Magistrado ponente: Luis Guillermo Salazar Otero

Decreto 1382 de 2000Decreto 2591 de 1991

CORTE SUPREMA DE JUSTICIA República de Colombia Corte Suprema de Justicia República de Colombia Corte Suprema de Justicia CORTE SUPREMA DE JUSTICIA SALA DE CASACIÓN PENAL SALA DE DECISIÓN DE TUTELAS Nº 1 LUIS GUILLERMO SALAZAR OTERO Magistrado Ponente STP12486-2015 Radicación n° 81613 Acta No. 322 Bogotá, D.C., dieciséis (16) de septiembre de dos mil quince (2015) ASUNTO Resolver la impugnación presentada por WILDER BOLÍVAR VALENCIA, respecto del fallo proferido el 29 de julio del año en curso por la “Sala de Decisión Constitucional” de Buga, a través del cual declaró improcedente la acción de tutela interpuesta en contra del Juzgado Primero Penal del Circuito de Cartago y la Fiscalía Diecinueve Seccional de la misma ciudad, por la presunta vulneración del derecho fundamental al debido.

1. LA DEMANDA Los hechos que soportan la petición de amparo los compendió el Tribunal en los términos que a continuación se transcriben: “Expuso el accionante que por los hechos ocurridos el 6 de febrero de 2009, fue llamado a juicio por los delitos de hurto en concurso con fabricación, tráfico, porte o tenencia de armas de fuego, accesorios, partes o municiones, asunto conocido por la Fiscalía Sexta Seccional de Buga y el Juzgado Primero Penal del Circuito Especializado de la misma ciudad, y que mientras gozaba del beneficio de prisión domiciliaria, se le inició otra investigación por la conducta punible de fuga de presos, en el que actuó la Fiscalía Diecinueve Seccional de Cartago y en el que finalmente fue condenado a la pena de 32 meses de prisión por el Juzgado Primero Penal del Circuito de la última municipalidad referida.
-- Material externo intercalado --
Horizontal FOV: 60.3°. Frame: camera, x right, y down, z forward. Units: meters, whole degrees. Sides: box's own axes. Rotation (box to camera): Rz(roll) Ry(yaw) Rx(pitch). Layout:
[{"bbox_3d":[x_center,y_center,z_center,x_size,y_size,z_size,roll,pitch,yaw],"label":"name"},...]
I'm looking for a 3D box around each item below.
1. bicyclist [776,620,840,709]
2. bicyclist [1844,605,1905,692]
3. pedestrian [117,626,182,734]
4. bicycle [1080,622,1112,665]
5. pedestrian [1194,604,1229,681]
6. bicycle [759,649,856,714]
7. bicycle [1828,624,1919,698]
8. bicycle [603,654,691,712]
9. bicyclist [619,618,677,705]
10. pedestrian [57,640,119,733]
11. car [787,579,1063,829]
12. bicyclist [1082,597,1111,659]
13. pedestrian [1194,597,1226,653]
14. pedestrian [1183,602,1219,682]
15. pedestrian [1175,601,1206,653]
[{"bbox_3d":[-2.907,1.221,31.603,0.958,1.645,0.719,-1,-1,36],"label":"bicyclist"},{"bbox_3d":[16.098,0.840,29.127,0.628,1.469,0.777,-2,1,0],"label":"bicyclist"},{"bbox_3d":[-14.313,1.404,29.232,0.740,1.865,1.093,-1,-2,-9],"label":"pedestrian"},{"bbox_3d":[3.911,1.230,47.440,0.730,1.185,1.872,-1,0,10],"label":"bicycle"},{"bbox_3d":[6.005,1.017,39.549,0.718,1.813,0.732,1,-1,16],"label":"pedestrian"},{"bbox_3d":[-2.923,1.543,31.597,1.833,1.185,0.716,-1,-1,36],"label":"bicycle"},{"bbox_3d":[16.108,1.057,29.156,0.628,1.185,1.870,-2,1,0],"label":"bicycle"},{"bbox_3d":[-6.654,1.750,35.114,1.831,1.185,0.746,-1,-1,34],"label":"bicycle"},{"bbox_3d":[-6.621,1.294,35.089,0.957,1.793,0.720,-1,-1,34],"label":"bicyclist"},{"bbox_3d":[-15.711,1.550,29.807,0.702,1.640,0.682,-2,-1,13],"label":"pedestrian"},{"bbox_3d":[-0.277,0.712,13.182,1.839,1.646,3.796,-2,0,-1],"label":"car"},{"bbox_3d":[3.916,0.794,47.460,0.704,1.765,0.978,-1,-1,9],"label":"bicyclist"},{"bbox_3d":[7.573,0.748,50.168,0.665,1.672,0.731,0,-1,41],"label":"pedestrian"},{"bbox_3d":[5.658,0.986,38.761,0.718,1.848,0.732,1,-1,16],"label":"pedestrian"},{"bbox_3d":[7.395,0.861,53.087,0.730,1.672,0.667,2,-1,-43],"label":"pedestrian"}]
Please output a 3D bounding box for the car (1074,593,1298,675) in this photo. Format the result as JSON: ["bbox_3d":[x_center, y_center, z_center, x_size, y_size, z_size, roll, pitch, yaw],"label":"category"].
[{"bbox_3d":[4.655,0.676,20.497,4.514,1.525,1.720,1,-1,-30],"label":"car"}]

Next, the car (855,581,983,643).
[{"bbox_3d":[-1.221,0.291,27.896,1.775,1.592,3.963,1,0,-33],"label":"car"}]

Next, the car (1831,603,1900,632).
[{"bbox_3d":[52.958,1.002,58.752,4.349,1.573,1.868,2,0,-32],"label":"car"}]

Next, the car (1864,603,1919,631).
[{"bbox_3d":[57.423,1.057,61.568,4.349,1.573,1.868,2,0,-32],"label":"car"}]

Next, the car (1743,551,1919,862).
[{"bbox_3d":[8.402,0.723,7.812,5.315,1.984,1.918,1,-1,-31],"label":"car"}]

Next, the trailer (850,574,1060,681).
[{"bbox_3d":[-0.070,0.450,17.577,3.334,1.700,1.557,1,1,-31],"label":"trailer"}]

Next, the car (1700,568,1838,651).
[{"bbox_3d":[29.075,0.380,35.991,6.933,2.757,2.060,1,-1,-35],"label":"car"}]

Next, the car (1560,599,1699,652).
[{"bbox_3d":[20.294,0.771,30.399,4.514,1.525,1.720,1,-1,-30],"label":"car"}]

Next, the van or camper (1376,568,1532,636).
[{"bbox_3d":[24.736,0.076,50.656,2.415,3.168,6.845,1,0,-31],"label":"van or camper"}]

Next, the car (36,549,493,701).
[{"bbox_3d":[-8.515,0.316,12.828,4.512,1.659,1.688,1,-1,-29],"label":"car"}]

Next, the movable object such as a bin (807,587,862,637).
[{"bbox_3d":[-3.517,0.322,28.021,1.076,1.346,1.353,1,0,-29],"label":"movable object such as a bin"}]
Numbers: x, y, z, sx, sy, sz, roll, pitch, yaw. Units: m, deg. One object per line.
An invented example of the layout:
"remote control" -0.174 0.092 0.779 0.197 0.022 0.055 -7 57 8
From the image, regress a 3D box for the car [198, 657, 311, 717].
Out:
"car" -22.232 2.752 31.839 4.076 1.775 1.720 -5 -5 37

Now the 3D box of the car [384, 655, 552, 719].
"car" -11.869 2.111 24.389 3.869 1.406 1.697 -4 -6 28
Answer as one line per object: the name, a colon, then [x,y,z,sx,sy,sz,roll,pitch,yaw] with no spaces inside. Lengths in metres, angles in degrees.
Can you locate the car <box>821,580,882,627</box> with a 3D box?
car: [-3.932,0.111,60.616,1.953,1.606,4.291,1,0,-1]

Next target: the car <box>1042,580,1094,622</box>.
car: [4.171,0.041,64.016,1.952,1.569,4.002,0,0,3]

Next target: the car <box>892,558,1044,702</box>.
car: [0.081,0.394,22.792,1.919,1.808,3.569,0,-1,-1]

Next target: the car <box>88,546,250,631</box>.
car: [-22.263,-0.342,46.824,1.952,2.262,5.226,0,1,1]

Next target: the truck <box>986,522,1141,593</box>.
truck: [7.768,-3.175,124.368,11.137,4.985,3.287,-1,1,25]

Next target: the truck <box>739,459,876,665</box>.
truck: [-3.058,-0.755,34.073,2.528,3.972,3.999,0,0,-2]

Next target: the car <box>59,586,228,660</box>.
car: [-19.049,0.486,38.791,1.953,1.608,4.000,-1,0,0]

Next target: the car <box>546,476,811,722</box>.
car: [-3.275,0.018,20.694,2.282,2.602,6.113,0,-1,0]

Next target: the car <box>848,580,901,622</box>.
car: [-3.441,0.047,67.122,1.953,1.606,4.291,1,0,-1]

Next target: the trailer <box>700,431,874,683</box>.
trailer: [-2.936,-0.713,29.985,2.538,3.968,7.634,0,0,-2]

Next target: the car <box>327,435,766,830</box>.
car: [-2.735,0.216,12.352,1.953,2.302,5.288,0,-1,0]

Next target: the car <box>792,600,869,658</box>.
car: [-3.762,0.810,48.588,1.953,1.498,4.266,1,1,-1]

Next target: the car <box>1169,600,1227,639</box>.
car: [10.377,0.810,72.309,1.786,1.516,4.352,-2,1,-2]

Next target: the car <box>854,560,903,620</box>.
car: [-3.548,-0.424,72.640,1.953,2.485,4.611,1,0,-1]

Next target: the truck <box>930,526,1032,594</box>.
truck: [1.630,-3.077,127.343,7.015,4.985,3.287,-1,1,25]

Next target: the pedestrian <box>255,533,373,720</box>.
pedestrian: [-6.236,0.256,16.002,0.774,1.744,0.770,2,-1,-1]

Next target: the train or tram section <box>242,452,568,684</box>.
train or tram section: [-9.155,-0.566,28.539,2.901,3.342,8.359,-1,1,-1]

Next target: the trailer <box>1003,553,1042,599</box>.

Criticó que a pesar de haber sido absuelto de los delitos de hurto y fabricación, tráfico, porte o tenencia de armas de fuego, accesorios, partes o municiones, la Fiscalía Diecinueve Seccional de Cartago iniciara y tramitara otro proceso penal en su contra por la conducta punible de fuga de presos, por la que finalmente fue sancionado en virtud del preacuerdo celebrado con el ente acusador, dada la asesoría brindada por el defensor público William González Navarro.

Afirmó que fue absuelto de los delitos de hurto y fabricación, tráfico, porte o tenencia de armas de fuego, partes, accesorios o municiones, la misma decisión debió adoptar la judicatura frente a la conducta punible de fuga de presos. Solicitó que como consecuencia de la protección de sus derechos fundamentales, se anule la sentencia condenatoria proferida en su contra por el Juzgado Primero Penal del Circuito de Cartago, para que en su lugar se emita fallo absolutorio por el delito de fuga de presos”.

2. EL FALLO IMPUGNADO La “Sala de Decisión Constitucional” de Buga negó el amparo por las siguientes razones: 1. Tras precisar los requisitos que la jurisprudencia constitucional ha fijado para la procedencia de la tutela contra providencias judiciales, acotó que no se atendió el relacionado con el agotamiento de todos los medios ordinarios de defensa, pues si Bolívar Valencia estaba en desacuerdo con la sentencia proferida por el Juzgado Primero Penal del Circuito de Cartago, debió interponer recurso de apelación; sin embargo, decidió guardar silencio y acudir a este mecanismo excepcional. 2.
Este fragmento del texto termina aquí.